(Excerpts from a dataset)
---
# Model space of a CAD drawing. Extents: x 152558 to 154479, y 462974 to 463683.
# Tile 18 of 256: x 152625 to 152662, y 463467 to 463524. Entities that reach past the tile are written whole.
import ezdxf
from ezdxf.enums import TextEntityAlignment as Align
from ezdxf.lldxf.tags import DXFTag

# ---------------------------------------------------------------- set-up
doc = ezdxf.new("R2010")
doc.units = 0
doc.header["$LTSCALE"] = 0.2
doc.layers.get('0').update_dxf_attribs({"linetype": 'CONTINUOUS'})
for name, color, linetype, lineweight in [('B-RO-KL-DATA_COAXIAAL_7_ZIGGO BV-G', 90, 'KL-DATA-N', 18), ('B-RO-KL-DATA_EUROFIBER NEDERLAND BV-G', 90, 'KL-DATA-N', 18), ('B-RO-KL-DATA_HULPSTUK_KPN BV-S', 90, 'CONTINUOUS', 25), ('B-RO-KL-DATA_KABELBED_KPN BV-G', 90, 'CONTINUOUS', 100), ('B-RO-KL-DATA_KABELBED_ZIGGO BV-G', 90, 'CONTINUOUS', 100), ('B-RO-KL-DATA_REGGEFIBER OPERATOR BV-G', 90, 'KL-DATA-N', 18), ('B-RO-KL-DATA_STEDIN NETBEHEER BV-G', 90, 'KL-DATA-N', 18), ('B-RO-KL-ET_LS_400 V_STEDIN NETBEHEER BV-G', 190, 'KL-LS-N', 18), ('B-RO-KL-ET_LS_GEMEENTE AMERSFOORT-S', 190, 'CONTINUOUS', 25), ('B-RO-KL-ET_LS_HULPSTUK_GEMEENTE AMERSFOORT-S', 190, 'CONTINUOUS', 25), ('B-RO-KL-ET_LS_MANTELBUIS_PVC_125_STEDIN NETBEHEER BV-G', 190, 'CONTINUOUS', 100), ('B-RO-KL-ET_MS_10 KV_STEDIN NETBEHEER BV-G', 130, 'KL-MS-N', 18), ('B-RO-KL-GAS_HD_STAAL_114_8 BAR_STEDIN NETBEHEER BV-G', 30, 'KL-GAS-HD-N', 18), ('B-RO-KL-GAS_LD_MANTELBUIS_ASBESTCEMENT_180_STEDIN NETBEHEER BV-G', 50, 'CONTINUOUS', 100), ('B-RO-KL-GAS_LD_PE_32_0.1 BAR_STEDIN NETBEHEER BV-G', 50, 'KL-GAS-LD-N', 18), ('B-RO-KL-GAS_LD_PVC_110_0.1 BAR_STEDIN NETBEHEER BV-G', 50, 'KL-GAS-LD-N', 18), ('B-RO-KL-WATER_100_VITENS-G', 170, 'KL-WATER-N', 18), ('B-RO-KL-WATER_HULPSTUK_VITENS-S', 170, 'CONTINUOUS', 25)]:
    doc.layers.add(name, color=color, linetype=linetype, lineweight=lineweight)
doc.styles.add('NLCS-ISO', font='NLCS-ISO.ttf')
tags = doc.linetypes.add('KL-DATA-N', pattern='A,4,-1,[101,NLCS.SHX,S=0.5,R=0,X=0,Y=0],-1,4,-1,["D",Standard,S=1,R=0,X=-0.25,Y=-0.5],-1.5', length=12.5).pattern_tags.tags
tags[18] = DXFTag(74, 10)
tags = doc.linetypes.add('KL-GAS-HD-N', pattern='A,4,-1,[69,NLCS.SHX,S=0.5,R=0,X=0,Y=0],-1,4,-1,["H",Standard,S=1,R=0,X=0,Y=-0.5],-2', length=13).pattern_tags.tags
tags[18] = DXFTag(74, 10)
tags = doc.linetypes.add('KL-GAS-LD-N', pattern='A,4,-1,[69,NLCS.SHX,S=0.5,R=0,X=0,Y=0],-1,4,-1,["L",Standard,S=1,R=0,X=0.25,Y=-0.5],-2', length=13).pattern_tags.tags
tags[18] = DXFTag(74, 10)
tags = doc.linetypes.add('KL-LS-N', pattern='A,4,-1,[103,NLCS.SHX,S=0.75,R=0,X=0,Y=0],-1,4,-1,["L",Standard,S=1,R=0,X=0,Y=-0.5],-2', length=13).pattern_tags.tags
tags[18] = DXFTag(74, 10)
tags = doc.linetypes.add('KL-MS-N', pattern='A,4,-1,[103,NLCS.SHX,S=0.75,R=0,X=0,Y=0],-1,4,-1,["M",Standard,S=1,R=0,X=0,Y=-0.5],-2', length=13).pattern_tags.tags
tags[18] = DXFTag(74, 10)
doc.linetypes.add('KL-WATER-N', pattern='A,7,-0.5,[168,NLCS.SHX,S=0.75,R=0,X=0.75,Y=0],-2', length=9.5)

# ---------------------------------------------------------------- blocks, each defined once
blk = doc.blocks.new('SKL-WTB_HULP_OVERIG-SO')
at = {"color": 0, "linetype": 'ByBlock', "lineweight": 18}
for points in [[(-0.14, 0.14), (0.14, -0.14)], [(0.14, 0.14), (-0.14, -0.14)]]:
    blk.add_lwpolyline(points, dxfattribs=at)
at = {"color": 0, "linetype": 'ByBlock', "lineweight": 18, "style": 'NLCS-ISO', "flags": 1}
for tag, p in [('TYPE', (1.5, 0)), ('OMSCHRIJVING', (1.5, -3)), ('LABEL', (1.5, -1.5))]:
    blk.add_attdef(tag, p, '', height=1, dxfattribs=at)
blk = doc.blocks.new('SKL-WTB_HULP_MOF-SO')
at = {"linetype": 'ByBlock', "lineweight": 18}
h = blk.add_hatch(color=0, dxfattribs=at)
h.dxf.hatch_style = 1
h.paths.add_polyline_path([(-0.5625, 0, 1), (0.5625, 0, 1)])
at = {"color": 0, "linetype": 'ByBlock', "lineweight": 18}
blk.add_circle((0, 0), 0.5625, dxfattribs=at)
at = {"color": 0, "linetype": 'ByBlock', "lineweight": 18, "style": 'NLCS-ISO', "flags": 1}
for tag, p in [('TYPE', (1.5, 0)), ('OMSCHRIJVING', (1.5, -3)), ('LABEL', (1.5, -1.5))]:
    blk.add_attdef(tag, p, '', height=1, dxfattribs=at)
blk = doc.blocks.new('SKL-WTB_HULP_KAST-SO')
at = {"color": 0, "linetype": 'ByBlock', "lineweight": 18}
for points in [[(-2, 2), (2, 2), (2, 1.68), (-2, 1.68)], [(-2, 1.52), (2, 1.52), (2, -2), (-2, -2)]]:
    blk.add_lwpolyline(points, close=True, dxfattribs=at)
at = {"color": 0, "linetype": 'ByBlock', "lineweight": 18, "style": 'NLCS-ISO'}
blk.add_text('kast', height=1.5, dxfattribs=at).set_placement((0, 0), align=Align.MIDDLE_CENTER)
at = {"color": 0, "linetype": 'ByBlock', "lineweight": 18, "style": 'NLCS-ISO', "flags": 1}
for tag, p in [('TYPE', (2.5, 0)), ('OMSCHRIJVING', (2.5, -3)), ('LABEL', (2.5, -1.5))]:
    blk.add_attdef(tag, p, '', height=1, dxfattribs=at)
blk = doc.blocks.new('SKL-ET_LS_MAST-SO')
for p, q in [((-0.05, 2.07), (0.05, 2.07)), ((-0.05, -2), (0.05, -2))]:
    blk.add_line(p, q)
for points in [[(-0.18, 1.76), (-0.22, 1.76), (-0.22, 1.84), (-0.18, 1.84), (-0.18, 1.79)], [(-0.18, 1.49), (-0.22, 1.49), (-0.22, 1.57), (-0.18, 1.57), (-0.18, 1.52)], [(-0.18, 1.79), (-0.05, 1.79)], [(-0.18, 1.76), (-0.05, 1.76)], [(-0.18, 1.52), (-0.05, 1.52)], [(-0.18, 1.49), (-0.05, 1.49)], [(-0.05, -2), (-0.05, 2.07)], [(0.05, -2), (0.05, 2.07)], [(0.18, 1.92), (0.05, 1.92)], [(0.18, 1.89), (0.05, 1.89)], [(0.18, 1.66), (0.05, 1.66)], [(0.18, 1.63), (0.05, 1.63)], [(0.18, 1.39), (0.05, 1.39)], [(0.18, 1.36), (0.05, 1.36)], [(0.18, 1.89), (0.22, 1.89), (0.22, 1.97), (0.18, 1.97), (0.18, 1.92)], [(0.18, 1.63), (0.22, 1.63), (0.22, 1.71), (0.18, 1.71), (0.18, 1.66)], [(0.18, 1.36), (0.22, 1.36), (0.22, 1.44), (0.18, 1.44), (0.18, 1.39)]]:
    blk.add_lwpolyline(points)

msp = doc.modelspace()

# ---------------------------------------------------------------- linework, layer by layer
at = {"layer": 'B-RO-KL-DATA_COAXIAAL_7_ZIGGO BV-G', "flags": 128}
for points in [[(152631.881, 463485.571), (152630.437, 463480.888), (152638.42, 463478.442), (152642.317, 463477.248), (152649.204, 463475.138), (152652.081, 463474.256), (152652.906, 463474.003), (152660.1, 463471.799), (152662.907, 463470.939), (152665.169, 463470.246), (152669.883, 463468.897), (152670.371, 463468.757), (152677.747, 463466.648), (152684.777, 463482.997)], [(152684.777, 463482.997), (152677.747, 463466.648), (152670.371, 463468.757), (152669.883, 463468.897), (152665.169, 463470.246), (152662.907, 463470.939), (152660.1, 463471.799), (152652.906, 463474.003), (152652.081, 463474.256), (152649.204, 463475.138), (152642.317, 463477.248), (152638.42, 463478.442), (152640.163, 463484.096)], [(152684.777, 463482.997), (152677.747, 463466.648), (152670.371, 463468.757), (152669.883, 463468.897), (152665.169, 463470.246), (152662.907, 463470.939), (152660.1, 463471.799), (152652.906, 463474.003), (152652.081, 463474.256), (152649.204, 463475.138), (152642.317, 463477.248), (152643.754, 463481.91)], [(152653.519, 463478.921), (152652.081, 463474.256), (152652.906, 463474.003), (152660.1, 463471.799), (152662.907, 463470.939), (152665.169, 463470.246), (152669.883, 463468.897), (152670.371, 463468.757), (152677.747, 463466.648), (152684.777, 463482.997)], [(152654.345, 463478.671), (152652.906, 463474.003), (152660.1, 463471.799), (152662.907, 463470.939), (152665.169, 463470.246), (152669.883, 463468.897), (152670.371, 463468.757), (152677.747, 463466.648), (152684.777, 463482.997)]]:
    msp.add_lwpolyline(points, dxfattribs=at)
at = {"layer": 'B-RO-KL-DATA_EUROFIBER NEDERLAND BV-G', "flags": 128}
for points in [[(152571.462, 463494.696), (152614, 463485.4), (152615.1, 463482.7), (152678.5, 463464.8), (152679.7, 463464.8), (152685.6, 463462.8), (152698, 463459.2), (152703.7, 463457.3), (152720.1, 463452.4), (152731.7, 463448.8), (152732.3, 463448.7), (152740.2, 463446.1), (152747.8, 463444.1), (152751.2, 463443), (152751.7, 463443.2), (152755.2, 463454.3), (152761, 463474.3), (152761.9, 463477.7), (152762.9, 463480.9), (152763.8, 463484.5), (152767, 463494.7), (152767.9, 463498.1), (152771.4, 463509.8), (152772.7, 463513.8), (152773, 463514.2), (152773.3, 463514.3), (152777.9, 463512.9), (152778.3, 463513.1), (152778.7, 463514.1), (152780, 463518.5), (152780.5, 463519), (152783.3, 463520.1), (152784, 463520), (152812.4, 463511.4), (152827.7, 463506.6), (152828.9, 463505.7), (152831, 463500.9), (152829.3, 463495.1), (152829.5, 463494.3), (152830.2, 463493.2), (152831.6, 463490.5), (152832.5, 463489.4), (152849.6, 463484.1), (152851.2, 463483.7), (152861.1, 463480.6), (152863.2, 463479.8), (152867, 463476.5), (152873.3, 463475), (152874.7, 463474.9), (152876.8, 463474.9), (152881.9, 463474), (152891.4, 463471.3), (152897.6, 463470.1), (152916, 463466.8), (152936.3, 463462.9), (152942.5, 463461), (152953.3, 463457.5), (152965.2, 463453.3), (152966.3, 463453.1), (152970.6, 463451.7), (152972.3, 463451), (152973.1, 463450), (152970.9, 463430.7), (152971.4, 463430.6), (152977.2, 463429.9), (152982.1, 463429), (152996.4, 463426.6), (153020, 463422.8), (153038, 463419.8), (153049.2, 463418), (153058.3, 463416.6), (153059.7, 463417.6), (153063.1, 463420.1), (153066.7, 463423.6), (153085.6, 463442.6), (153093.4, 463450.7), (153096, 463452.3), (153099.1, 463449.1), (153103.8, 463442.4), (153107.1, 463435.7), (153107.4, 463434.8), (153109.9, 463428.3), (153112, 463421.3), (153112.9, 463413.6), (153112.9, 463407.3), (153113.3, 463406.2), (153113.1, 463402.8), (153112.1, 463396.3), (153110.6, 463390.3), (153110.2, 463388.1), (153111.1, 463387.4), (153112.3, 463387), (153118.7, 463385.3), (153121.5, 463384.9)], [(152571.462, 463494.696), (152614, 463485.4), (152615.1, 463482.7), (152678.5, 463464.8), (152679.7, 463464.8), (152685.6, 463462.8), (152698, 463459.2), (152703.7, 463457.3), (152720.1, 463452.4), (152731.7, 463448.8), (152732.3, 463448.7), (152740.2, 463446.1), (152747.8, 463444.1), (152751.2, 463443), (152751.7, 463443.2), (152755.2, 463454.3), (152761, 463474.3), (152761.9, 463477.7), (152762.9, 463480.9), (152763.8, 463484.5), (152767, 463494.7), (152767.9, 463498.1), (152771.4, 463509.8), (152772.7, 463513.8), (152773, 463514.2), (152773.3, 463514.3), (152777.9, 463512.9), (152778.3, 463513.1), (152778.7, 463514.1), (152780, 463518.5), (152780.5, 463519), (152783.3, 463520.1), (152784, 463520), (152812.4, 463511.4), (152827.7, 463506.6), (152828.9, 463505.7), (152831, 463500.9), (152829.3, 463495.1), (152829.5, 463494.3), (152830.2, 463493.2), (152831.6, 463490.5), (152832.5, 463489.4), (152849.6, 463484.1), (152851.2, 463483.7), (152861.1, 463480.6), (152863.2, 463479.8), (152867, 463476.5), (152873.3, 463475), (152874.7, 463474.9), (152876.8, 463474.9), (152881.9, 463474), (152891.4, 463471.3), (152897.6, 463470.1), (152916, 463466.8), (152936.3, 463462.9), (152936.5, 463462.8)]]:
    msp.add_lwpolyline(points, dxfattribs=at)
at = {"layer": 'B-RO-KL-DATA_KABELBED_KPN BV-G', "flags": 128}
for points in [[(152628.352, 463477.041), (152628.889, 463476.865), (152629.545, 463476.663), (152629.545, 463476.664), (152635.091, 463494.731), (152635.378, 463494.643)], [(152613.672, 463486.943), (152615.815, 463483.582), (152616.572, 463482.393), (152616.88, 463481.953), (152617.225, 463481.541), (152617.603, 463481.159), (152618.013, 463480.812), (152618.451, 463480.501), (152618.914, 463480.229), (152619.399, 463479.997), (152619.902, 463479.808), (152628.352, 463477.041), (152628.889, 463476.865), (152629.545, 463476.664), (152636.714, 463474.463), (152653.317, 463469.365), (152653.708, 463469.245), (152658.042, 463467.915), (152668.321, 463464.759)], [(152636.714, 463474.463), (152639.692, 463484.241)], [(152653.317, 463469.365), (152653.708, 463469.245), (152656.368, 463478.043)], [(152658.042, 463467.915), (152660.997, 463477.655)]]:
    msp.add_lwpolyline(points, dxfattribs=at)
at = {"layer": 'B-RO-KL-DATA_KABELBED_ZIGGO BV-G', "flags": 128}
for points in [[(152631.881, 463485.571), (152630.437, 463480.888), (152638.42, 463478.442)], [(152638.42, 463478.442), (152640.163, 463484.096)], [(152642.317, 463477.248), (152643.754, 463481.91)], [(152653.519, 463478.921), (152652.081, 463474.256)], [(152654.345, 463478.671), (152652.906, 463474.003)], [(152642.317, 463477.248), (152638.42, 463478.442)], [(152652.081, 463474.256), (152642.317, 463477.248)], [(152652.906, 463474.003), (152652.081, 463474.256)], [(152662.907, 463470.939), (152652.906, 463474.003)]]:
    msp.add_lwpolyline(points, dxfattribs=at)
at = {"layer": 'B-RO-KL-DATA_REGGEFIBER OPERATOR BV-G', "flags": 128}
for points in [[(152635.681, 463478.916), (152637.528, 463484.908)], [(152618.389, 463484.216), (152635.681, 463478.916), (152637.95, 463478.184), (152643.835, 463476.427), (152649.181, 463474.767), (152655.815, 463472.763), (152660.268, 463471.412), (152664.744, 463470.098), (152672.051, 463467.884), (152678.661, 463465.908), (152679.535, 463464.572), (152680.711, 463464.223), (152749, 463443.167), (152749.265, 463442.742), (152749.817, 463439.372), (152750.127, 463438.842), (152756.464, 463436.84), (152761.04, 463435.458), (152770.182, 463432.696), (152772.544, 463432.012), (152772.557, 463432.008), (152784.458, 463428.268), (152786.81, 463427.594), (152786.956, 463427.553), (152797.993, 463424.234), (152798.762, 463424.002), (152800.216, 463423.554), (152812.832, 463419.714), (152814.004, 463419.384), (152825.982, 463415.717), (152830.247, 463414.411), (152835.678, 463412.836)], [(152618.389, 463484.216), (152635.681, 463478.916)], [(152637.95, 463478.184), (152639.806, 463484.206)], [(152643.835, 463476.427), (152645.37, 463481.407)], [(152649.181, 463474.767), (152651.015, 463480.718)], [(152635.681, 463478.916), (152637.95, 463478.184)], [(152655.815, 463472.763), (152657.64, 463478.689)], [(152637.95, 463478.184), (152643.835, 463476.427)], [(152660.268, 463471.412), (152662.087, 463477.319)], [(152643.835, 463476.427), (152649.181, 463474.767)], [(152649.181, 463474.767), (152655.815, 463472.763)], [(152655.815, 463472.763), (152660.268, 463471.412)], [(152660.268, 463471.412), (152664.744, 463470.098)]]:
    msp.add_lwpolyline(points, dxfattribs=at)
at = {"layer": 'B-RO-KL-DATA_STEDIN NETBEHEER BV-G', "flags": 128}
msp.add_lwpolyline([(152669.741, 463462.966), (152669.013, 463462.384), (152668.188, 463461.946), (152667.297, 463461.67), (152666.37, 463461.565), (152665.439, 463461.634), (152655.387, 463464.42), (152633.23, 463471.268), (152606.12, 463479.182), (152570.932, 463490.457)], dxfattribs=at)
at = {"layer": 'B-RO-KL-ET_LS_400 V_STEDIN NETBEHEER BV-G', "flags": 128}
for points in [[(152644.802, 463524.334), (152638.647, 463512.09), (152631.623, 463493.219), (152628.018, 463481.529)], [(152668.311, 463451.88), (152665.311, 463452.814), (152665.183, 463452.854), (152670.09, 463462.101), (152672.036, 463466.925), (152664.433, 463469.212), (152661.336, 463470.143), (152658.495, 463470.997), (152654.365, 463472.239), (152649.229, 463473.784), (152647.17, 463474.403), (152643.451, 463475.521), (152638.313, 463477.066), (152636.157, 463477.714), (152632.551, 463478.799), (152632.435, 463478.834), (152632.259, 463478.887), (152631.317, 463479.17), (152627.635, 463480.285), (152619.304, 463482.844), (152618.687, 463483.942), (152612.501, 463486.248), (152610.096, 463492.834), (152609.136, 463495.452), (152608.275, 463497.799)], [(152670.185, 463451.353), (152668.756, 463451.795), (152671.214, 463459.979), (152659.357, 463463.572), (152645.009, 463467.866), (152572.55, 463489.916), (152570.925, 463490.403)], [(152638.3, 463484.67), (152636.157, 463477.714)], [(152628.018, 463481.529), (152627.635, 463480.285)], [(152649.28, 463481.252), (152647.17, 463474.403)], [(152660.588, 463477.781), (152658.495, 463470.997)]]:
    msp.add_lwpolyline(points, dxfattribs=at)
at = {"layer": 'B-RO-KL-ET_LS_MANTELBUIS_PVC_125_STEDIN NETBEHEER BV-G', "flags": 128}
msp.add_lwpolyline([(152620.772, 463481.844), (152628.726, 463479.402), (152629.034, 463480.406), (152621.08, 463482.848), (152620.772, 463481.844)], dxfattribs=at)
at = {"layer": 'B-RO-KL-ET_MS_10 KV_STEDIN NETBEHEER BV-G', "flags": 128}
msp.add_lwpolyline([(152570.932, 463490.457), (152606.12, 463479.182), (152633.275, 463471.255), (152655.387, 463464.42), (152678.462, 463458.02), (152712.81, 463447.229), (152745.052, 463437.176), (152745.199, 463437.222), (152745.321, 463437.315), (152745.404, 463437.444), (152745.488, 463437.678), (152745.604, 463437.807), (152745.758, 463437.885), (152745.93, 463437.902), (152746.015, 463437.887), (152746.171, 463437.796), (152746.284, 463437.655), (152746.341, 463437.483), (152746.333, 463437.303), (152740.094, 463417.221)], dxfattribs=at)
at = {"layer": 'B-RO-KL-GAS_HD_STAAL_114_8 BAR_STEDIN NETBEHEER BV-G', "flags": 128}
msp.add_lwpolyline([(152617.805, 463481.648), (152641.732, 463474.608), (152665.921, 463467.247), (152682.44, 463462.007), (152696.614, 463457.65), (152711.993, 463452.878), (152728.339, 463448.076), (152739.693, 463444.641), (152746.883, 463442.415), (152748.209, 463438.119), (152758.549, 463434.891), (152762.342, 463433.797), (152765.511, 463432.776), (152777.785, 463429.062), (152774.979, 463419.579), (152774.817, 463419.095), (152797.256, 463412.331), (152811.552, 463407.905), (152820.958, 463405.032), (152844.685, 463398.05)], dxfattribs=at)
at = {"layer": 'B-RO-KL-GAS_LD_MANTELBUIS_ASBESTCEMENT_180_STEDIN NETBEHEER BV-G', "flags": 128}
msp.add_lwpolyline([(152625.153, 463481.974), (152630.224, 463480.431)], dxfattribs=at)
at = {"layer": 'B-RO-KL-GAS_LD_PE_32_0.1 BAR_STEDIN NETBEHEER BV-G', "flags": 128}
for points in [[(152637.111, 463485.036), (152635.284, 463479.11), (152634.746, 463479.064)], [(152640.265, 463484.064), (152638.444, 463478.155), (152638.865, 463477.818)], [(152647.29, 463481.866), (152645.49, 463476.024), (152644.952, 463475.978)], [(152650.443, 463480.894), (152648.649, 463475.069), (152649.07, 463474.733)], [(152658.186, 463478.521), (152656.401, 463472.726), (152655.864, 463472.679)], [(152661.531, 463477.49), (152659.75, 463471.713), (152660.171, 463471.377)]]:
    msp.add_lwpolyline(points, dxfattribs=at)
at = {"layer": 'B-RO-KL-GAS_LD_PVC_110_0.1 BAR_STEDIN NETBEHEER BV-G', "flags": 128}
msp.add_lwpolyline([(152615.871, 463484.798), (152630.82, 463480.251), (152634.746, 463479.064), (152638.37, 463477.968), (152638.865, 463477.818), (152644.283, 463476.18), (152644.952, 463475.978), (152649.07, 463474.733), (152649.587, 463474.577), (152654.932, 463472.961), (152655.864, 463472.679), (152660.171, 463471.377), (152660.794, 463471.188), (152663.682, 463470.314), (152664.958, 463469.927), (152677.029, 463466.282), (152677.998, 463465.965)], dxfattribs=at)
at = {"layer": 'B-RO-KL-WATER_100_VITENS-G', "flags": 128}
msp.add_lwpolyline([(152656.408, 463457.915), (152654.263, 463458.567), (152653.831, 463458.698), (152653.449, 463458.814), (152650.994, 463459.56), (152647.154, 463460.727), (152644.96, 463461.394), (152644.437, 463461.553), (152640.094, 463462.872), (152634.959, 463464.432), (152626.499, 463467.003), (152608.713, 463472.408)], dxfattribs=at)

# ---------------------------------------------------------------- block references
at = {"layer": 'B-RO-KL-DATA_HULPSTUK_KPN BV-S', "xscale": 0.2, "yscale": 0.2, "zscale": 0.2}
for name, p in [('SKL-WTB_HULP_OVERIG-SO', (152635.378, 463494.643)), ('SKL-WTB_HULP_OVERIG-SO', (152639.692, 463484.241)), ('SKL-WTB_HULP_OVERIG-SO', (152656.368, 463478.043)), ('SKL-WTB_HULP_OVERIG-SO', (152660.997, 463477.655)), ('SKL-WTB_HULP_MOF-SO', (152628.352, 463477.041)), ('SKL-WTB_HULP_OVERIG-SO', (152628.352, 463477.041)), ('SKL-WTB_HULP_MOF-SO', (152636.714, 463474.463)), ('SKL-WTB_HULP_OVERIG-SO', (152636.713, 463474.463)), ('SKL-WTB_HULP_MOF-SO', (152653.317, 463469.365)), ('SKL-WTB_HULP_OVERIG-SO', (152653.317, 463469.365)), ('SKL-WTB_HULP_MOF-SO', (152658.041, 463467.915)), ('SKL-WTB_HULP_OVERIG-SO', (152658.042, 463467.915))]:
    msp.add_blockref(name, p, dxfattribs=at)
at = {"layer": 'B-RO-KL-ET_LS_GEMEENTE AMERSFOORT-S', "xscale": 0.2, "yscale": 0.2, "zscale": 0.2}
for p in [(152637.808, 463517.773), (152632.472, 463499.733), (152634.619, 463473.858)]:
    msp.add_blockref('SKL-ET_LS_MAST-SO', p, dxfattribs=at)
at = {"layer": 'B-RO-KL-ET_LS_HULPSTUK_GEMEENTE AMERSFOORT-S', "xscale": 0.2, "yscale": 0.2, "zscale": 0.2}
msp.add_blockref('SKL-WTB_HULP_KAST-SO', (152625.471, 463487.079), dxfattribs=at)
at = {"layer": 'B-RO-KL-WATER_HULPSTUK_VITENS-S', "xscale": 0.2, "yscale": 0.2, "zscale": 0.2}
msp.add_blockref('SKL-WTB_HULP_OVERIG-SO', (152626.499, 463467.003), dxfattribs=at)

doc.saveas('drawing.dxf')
---
Would you set down, word for word, the lines from the opening of the entries above through the line with "from ezdxf.lldxf.tags import DXFTag", both included, and no others?

> _COMPLETED EXERCISE_
# Model space of a CAD drawing. Extents: x 152558 to 154479, y 462974 to 463683.
# Tile 18 of 256: x 152625 to 152662, y 463467 to 463524. Entities that reach past the tile are written whole.
import ezdxf
from ezdxf.enums import TextEntityAlignment as Align
from ezdxf.lldxf.tags import DXFTag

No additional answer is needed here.